Inkcoder said:
I'm in 10th grade, I was just doing my homework when this dawned on me:
How would one find Sine, Cosine and Tangent without a calculator. So if I am stuck in the desert with a stick I could find the Cosine of 73º by stick and sand method.
Regards,
Austin
You can start by finding the values for the fundamental angles (0º, 30º, 45º, 60º, and 90º). Do you have the "angle-addition" formulas? That will get you to all the multiples of 15º. You can get the "double-angle" formulas from the "angle-addition" formulas (or infer what the "addition" formulas ought to be if you only remember the "double-angle" formulas). You can get to the "half-angle" formulas from those, which should get you to multiples of 7.5º.
These will all give you "mathematically exact" results, which means here numbers with radicals in them. Are you wanting approximate decimal values? That'll take some time, extracting the square roots...
If you use enough geometry, you can probably fill in some more values by looking at regular polygons, working out horizontal and vertical distances of the vertices and relating them to the angles in the polygons. (I'm assuming you're stranded for a while and are getting really bored...)
To get cos 73º is probably going to require some sort of approximation approach. With enough values filled in, you can probably look at how the trig. functions behave and work out formulas for estimating intermediate values. (When you get to things like Taylor series in calculus, you can get more broadly applicable formulas.)

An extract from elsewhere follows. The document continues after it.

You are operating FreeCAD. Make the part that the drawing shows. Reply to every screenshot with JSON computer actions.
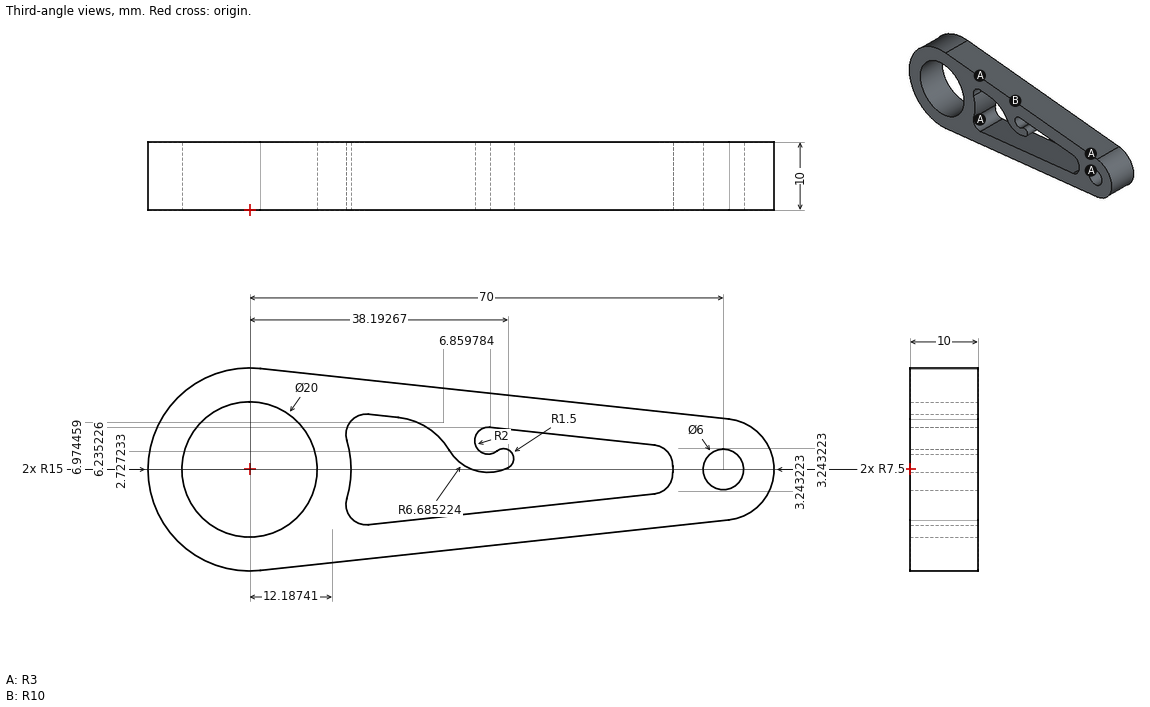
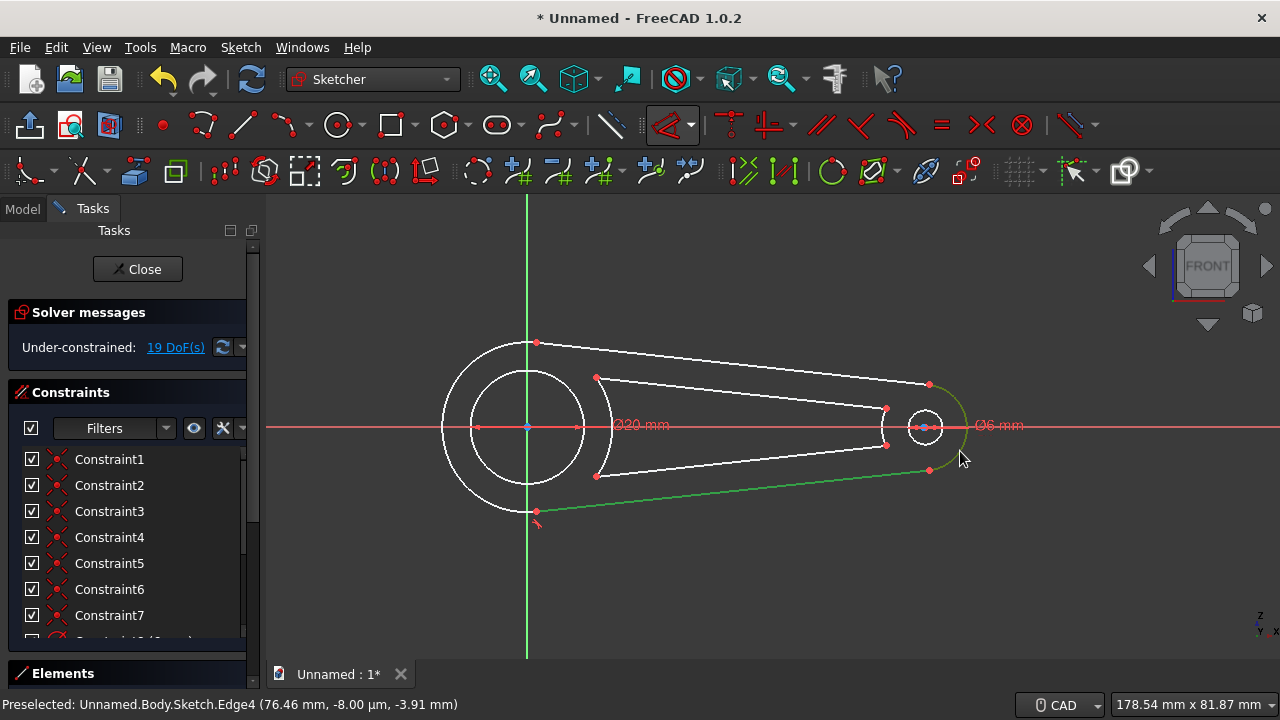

This is an issue of some interest, because the earliest tables of trigonometric values were worked out entirely without calculation devices and they predate calculus. It's always good to know something about how you can calculate, or at least estimate, values of functions and answers to problems without resorting to calculators or software. (Sometimes it's the only way you have of judging if the result from a calculation or computer program is credible...)